With dozens of technology vendors all claiming to offer world-class tools, advisors tend to stick with names they trust. That’s why TD Ameritrade retains its crown among custodians as the top tech provider, with Schwab coming in second, according to Financial Planning.

The publication’s annual technology survey polled advisors on their satisfaction with custodians and broker-dealers and the usefulness of their various tool types. Then it ranked brands within each category. The survey includes responses from advisors who specialize in accounting and insurance services as well as financial planners.

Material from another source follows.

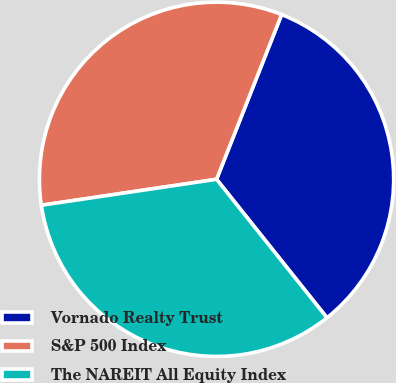Convert chart to OTSL. <chart><loc_0><loc_0><loc_500><loc_500><pie_chart><fcel>Vornado Realty Trust<fcel>S&P 500 Index<fcel>The NAREIT All Equity Index<nl><fcel>33.3%<fcel>33.33%<fcel>33.37%<nl></chart> 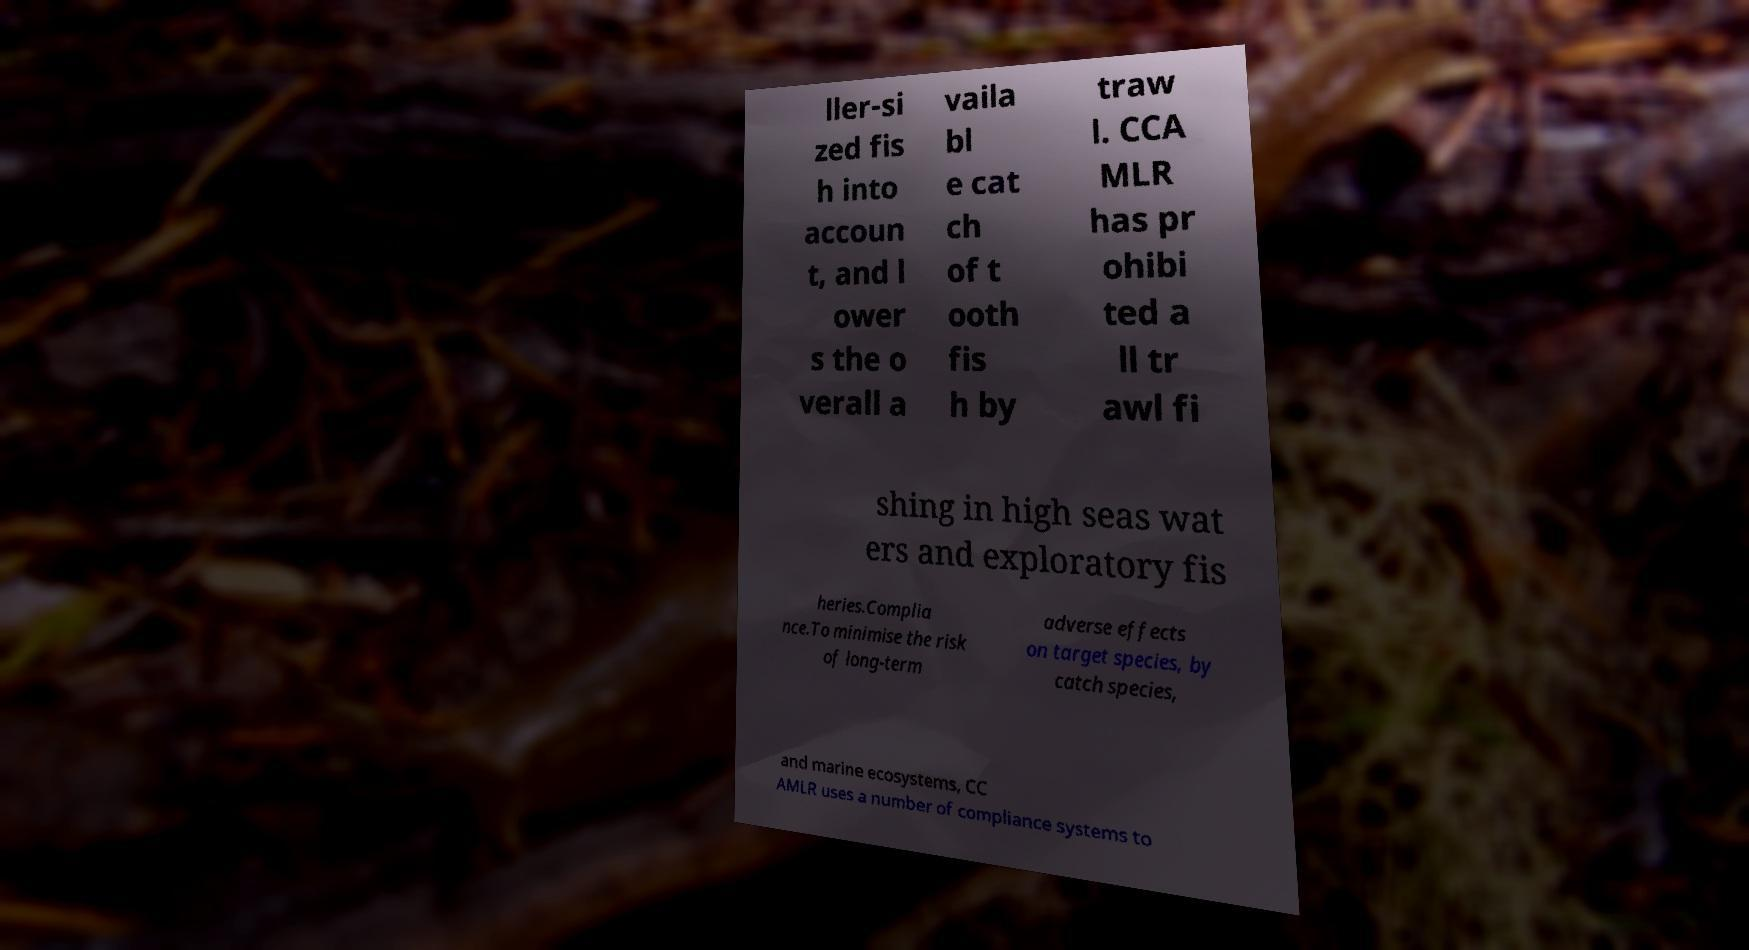Please identify and transcribe the text found in this image. ller-si zed fis h into accoun t, and l ower s the o verall a vaila bl e cat ch of t ooth fis h by traw l. CCA MLR has pr ohibi ted a ll tr awl fi shing in high seas wat ers and exploratory fis heries.Complia nce.To minimise the risk of long-term adverse effects on target species, by catch species, and marine ecosystems, CC AMLR uses a number of compliance systems to

Lesser-known custodians like Folio Institutional and Shareholders Service Group ranked above giants like Fidelity and Pershing. Among broker-dealers, advisors were most satisfied with technology from MetLife Securities, followed by Commonwealth Financial. Raymond James ranked third, with Cambridge Investment Research rounding out the four best B-D tech providers.

Regarding types of tools, more advisors said financial-planning software had the biggest impact on their business than anything else — although CRM also proved highly useful. In a somewhat odd grouping of categories, smartphones ranked third and tablets fourth in terms of usefulness to advisors. That might have something to do with better user experience and software design, the survey suggests. Portfolio-management software ranked fifth as a tool, according to the survey.

The top brand in financial-planning software was MoneyGuidePro, with eMoney Advisor a distant second. Moneytree and NaviPro Planning Suite were third and fourth most popular, respectively. The CRM-tool ranking suggests the average planner prefers Microsoft’s Outlook, which isn’t even a true customer-relationship manager. Among actual brands, Redtail and Salesforce were tied for second place, with Act! and Junxure following at a distance.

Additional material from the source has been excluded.